Multiple sclerosis – white spots and red flags – part 2

Mimics and Variants

Demyelinating disease is a common situation we encounter in neuroradiology, and properly diagnosing and tracking it using MRI is a key skill for neuroradiologists. In this second part of the lecture, Dr. Michael Hoch gives us some tips about other causes of white matter lesion, and information we can use to make our imaging diagnosis of multiple sclerosis more specific.

Clinical history has an important role in determining how specific imaging findings are for multiple sclerosis. Some features may suggest that a patient does not have multiple sclerosis, such as if they are the wrong age (< 20 or > 50 years old), if they have abrupt swift progression, if they have systemic symptoms such as fever or weight loss, and if they have uncommon CNS symptoms such as a movement disorder or meningitis signs.

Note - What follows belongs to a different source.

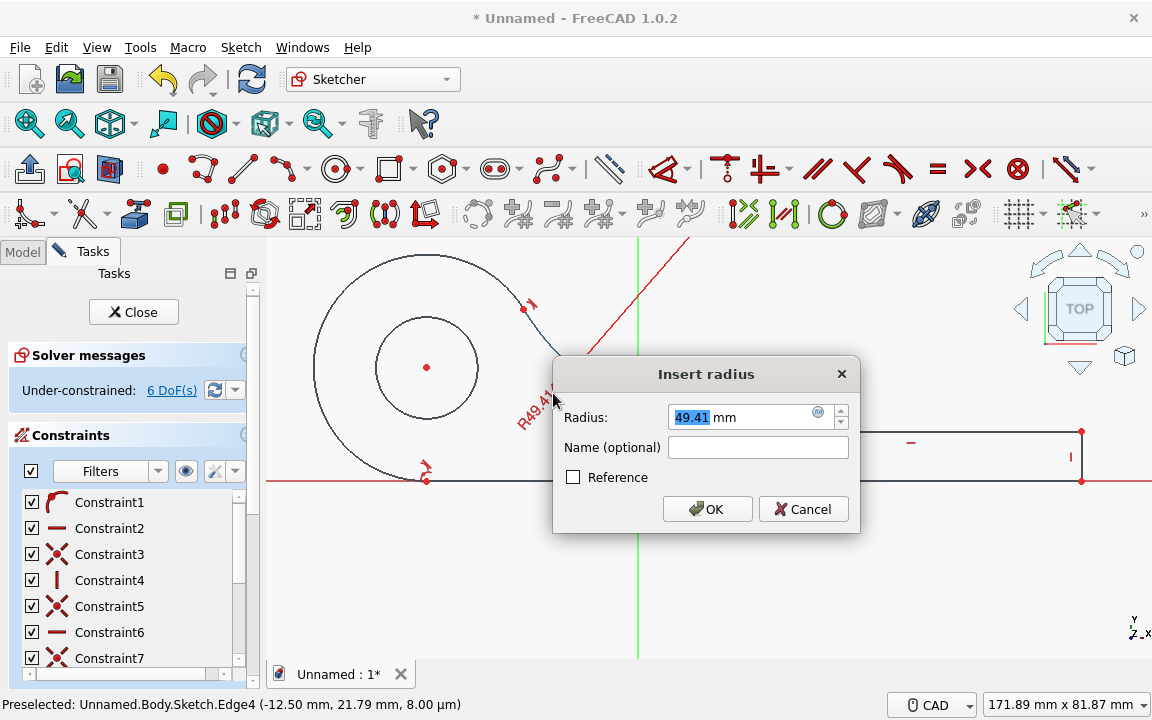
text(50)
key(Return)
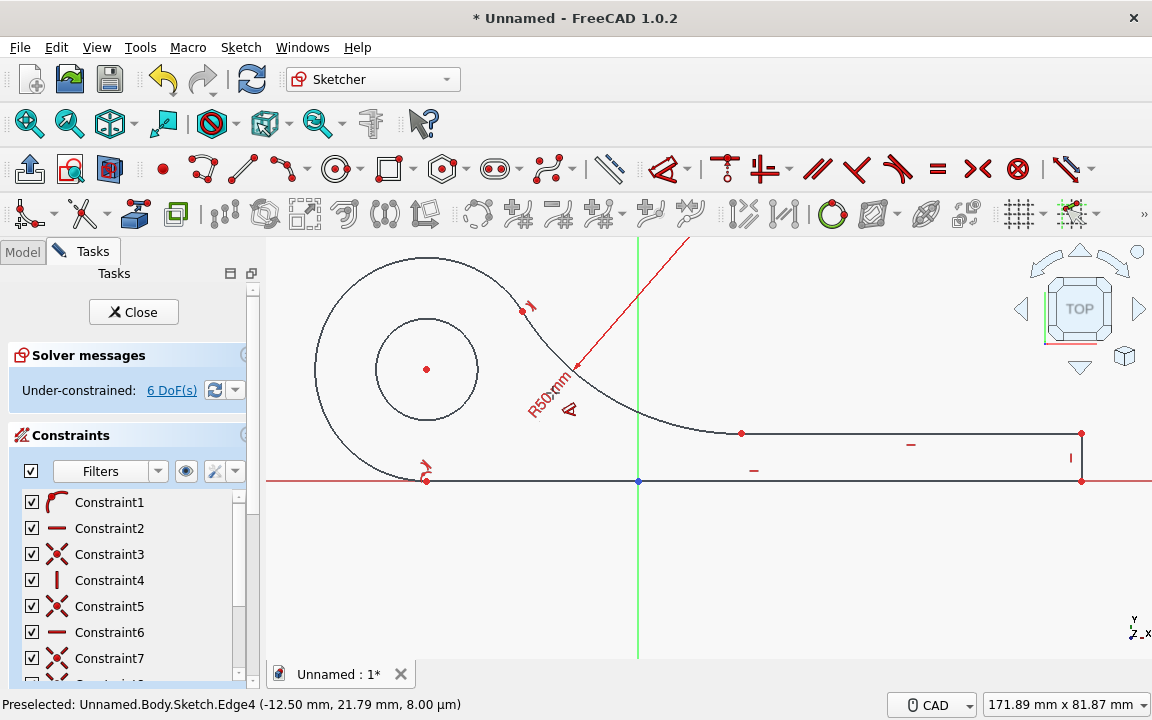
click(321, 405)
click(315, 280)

MS lesions also usually occur in some specific locations, such as in the corpus callosum, temporal lobe, periventricular white matter, and juxtacortical white matter.

Mimics of Multiple sclerosis

So, what are some of the common mimics of MS?

Migraine – migraine is the most common cause of non-specific white matter abnormalities in young patients, occurring in more than 50% of patients with migraine

Chronic small vessel ischemia – more common with increasing age, and worsening with risk factors such as diabetes, hypertension, and smoking

CNS vasculitis – an inflammatory syndrome of the intracranial vessels. Be on the lookout if someone has a history of TIAs or thunderclap headache, or systemic symptoms.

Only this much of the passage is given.